From 1996 through July 2004, Arkansas had more clemencies
than all neighboring states combined. One-third of Texas clemencies
were for people convicted with planted evidence.
___Governors
seldom reduce sentences in other states and almost never for
murderers serving life without parole or for rapists or for habitual
drunk drivers, while in Arkansas it's a regular habit with Huckabee.
___
Other governors use their clemency power only rarely, while Huckabee
has made it routine. As we've told you before, he has issued more than
700 pardons and commutations during his eight years in office
more than 137 this year alone and more than his three predecessors
combined.
___
Here are the figures for neighboring states since 1996, when Huckabee
took office (and keep in mind the population of these states is nearly
20 times ours):
___
>> Louisiana 213.
___
>> Mississippi 24.
___
>> Missouri 79.
___
>> Oklahoma 178.
___
>> Tennessee 32.
___
>> Texas 98
(in-cludes 36 inmates released because they were convicted on drug charges
with planted evidence).
___
Total: 624 vs. Huckabee's 703.
___
Governors in neighboring states almost never grant killers clemency,
while Huckabee has commuted the sentences of a dozen murderers.
___
"That is extremely rare here," said one corrections official
in a neighboring state.
___
She recalled one case in the early 1990s when the governor commuted
a killer's sentence and none since then.
___
In Texas, we could find only one clemency case for a killer.
Texas clemancies
are rare, even though its prison population is 12 times bigger than
ours. Half of the pardons in 2003 were for fraudulent convictions.
Gov. Clinton granted
426 pardons and commutations, but he issued far fewer after he returned
to office in 1983. That trend toward fewer clemencies continued in the
1980s under two other governors, but Gov. Huckabee has accelerated the
number of clemencies and go over 1,000 if the trend continues.
___
Governors in the states we studied grant clemencies only on special
occasions, such as when they leave office. Last January, after Mississippi
Gov. Ronnie Musgrove, a Democrat, lost his re-election bid, he issued
16 clemencies, and there was a huge outcry.

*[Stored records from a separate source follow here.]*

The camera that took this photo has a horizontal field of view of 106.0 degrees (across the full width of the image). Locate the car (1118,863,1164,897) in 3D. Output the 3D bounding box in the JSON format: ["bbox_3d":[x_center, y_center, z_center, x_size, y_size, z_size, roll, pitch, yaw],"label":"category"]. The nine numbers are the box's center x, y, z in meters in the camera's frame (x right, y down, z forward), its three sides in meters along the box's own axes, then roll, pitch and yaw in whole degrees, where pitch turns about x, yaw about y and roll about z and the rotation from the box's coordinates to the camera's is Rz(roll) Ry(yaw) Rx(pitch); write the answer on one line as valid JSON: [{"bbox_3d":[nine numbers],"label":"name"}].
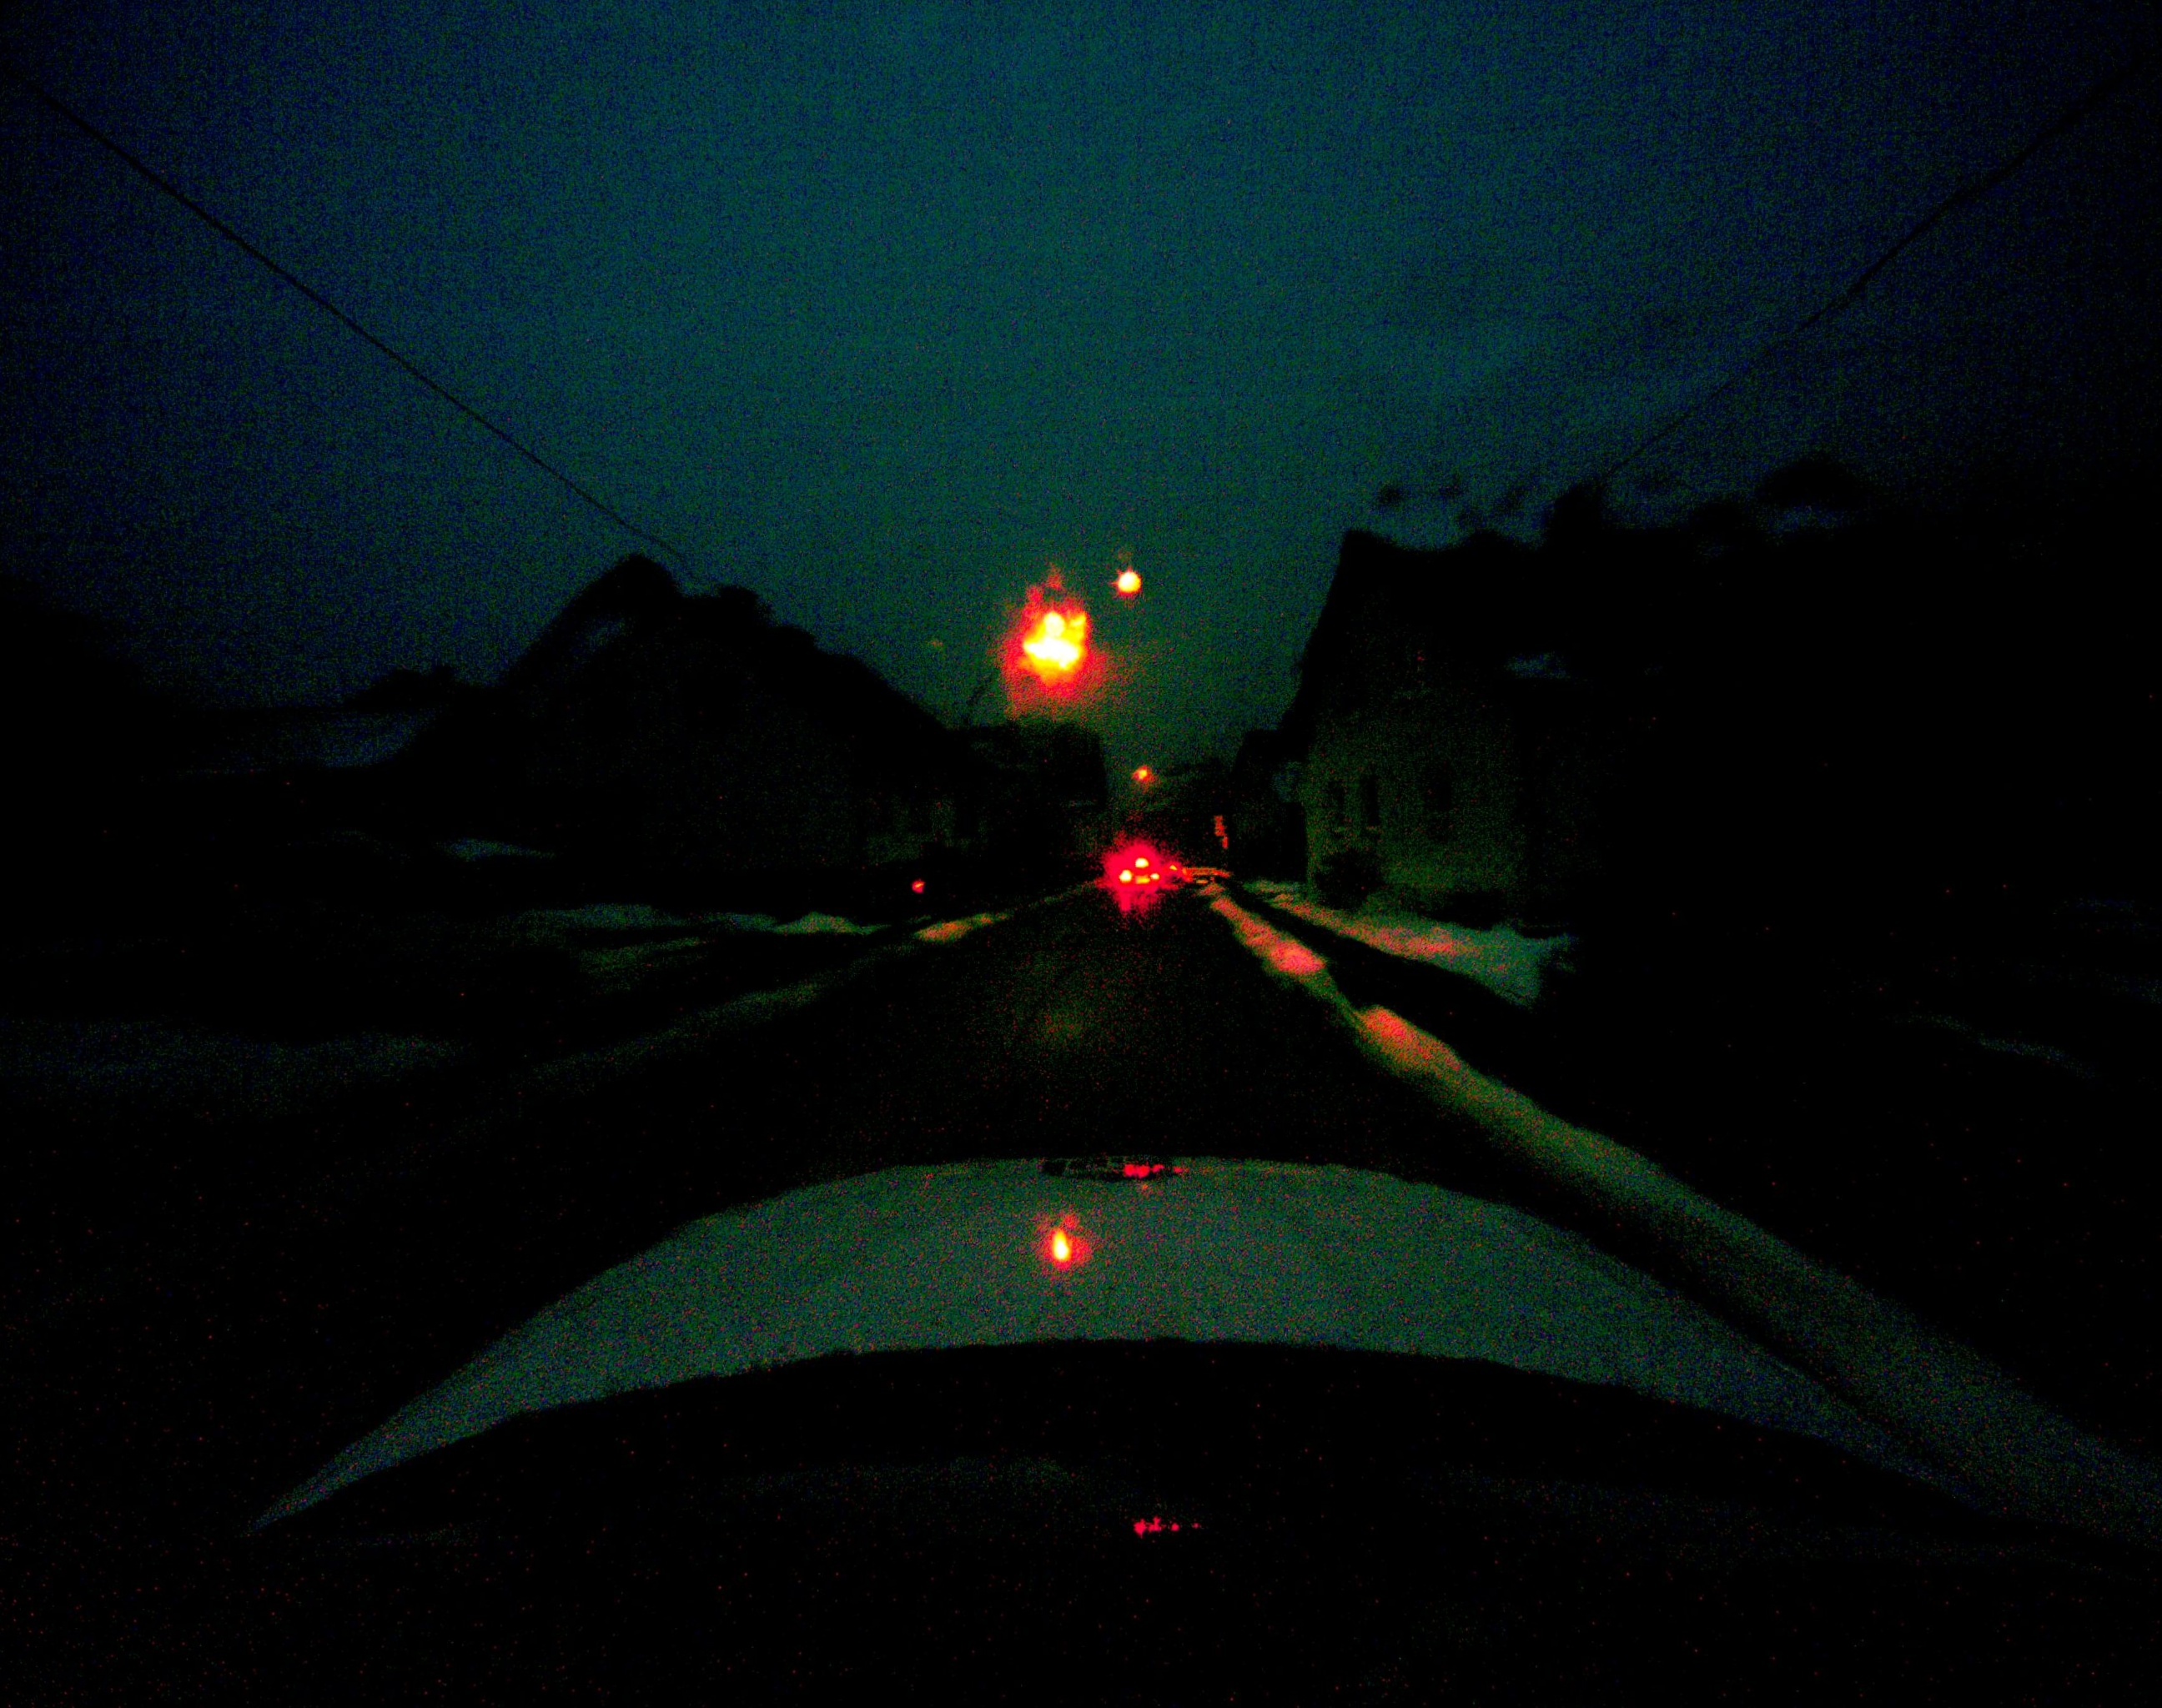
[{"bbox_3d":[2.875,1.213,38.049,1.983,1.508,4.006,-1,-2,6],"label":"car"}]

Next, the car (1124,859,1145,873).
[{"bbox_3d":[6.062,1.365,92.587,1.905,1.481,4.278,-3,0,-2],"label":"car"}]

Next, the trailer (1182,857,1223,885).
[{"bbox_3d":[6.337,0.840,42.121,1.981,1.388,4.744,-1,0,10],"label":"trailer"}]

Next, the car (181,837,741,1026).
[{"bbox_3d":[-6.372,0.691,8.630,4.763,1.666,1.895,1,0,9],"label":"car"}]

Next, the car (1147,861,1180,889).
[{"bbox_3d":[5.247,1.322,51.467,1.983,1.728,4.007,-1,-2,7],"label":"car"}]

That's how many Huckabee
averages per month.
___
By contrast, Haley Barbour, Mississippi's new Republican governor, has
issued no clemencies all year, nor has Kathleen Babineaux Blanco, Louisiana's
new governor, a Democrat.
___
In Tennessee, Gov. Phil Bredesen, a Democrat, has issued no clemencies
since he took office in January 2003.
___
Rex Nelson, Huckabee's communications director, has tried to put a positive
spin on his boss' sorry record.
___
"The application process varies from state to state," Nelson
told the Leader. "There is no rhyme or reason. It's an apples-to-oranges
comparison. The only real comparison is Arkansas governors and the percent
they (commute) compared to prison population. Texas has constitutionally
one of the weakest governors in the nation."
___
Actually, our comparisons are fair and accurate, and the Huckabee record
looks bad no matter which governor you compare him with over the last
20 years.
___
Is it any wonder that Arkansas prosecutors from both parties are upset
with Huckabee, a Republican?
___
Saline County Prosecuting Attorney Robert Herzfeld, a long-time critic
of Huckabee's clemencies and a Democrat, said, "These facts de-monstrate
that our governor has an extremely skewed approach to granting executive
clemency. He seems to believe that granting clem-ency to murderers,
rapists, drunk drivers and other convicted criminals is a part of the
everyday affairs of the governor's office rather than something that
he should approach cautiously and selectively. Executive clemency should
be rare, and there should be very specific reasons."
___
Herzfeld continued, "Although he has promised to reform his clemency
procedures because of tremendous public outrage these past few months,
this governor has not promised to decrease the number of clemencies
he grants.
___
"Hopefully, when he sees these numbers, Gov. Huckabee will be shocked
into reality, and come to understand that he is inexcusably out of sync
with not only the people of Arkansas, but also his fellow governors,"
Herzfeld concluded.
___
When he was told about the clemencies in neighboring states, Pulaski
County Prosecuting Attorney Larry Jegley, another Democrat, said, "They
confirm my original instinct that clemencies (in Arkansas) are
used on a wholesale basis. The power of clemency is not being used in
a circumspect and judicious fashion. I'm still dumbfounded looking at
the numbers in the neighboring states."
___
Although Herzfeld is skeptical about Huckabee's promise to be more open
when he considers clemencies in the future, the governor has had a rude
awakening as victims' families and the Legislature are pushing to restrain
the governor's clemency powers.
___
Jegley and Herzfeld agree that clemencies are not always wrong, but
granting them without restraint makes a mockery of the jury system and
invites cynicism.
___
Until our series of columns, Huckabee ignored his critics and kept on
issuing more pardons and commutations.
___
But he has now withdrawn several clemencies for murderers and may slow
the pace of clemencies in the future.
___
Huckabee has never leveled with the public about why he has issued more
clemencies than his three predecessors combined or all of his
fellow governors in the surrounding states.
___
"I still believe in the power of clemencies," Jegley said.
___
"They're what make the judicial system great. They're an escape
valve that can set the process close to right in the unlikely event
something goes wrong (during the prosecution of a case)."
___
But, he says, Huckabee has gone overboard and has made clemencies look
like acts of favoritism. During all his years in office, the only time
Huckabee has claimed a miscarriage of justice was in the case of Wayne
DuMond, who he thought had been framed for rape.
___
Although Huckabee changed his mind about commuting DuMond's sentence,
DuMond went free after the governor met with his parole board.
___
DuMond is now serving a life sentence for murder in Missouri, where,
the record shows, it's unlikely the governor will pardon him any time
soon.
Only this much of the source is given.